Le psychomaton : Les grandes espérances
Scène

Le psychomaton : Les grandes espérances

Le psychomaton d’Anne-Marie Olivier relate les efforts d’une caissière-philosophe dans sa volonté de changer le monde. Entre idéaux et réalité, fantaisie et sensibilité.

Josée (Hélène Florent), une caissière qui, à la suite d’un échec sentimental, a décidé de se consacrer à l’amour universel, cherche un moyen d’aider les gens, depuis son comptoir de station-service en basse-ville de Québec; dépanneur qu’elle considère d’ailleurs comme un "towing moral". Mais devant la difficulté de "statistiquer" l’effet de ses sourires, elle en vient à imaginer, avec son ami Polo (Hugues Frenette), un "patenteux" secrètement amoureux d’elle, le psychomaton, sorte de confessionnal électronique, répondant aux confidences de ses utilisateurs par une pensée du jour tirée d’un dictionnaire de citations. C’est ainsi que nous découvrons toute une panoplie de personnages (Érika Gagnon, Éric Leblanc et Édith Paquet) qui, par leurs traits surdimensionnés et leur langage coloré, nous font rire, tout en portant des drames souvent très durs et en soulevant des questions existentielles…

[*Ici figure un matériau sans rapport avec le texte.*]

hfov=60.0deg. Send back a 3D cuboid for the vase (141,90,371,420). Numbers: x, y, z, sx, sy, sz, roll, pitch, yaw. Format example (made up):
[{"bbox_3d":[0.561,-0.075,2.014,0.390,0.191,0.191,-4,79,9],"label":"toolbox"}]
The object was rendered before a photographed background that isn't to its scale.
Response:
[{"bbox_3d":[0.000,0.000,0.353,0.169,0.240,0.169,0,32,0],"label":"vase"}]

Après Gros et Détails, spectacle de contes urbains l’ayant fait connaître, Anne-Marie Olivier se lance dans l’écriture théâtrale, non sans demeurer assez proche de ses premières amours, alors que le monologue tient ici une place de choix, au gré d’une structure éclatée, servant bien sa réflexion sur l’isolement, la solitude, "l’incommunicabilité". Cela dit, l’ensemble n’en présente pas moins une belle cohésion, non seulement parce qu’à la manière des êtres humains en général, ses protagonistes partagent une même condition, un même espace, ou encore, que d’amusants et touchants liens se dessinent entre eux, mais surtout parce qu’ils font partie intégrante de l’univers si personnel de l’auteure, dont on retrouve avec bonheur les formules imagées ainsi que l’habile dosage entre humour et sensibilité, réalisme cru et fantaisie.

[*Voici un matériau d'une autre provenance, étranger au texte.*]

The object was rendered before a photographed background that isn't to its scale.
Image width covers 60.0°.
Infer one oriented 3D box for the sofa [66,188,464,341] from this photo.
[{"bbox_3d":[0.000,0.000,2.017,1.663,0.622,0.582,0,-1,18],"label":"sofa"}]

Quant à la mise en scène de Véronika Makdissi-Warren, elle réussit à matérialiser cet esprit si particulier en créant, à travers les déplacements des comédiens, des ambiances sonores évocatrices (Jean-Sébastien Côté) ainsi qu’un décor au diapason du style dramaturgique – par son aspect crado-poétique et sa multitude de détails familiers (Élise Dubé) – une véritable atmosphère de quartier, qui contribue également à l’unité de l’ensemble. Et c’est sans compter la fluidité avec laquelle elle nous fait passer d’une trame à l’autre, grâce notamment aux métamorphoses de l’ingénieux dispositif scénique ainsi qu’à la dynamique induite par le recours à la vidéo (Mario Villeneuve), dont ressort par ailleurs une intéressante imagerie. Bref, un tout supérieur à la somme de ses – nombreuses et diverses – parties.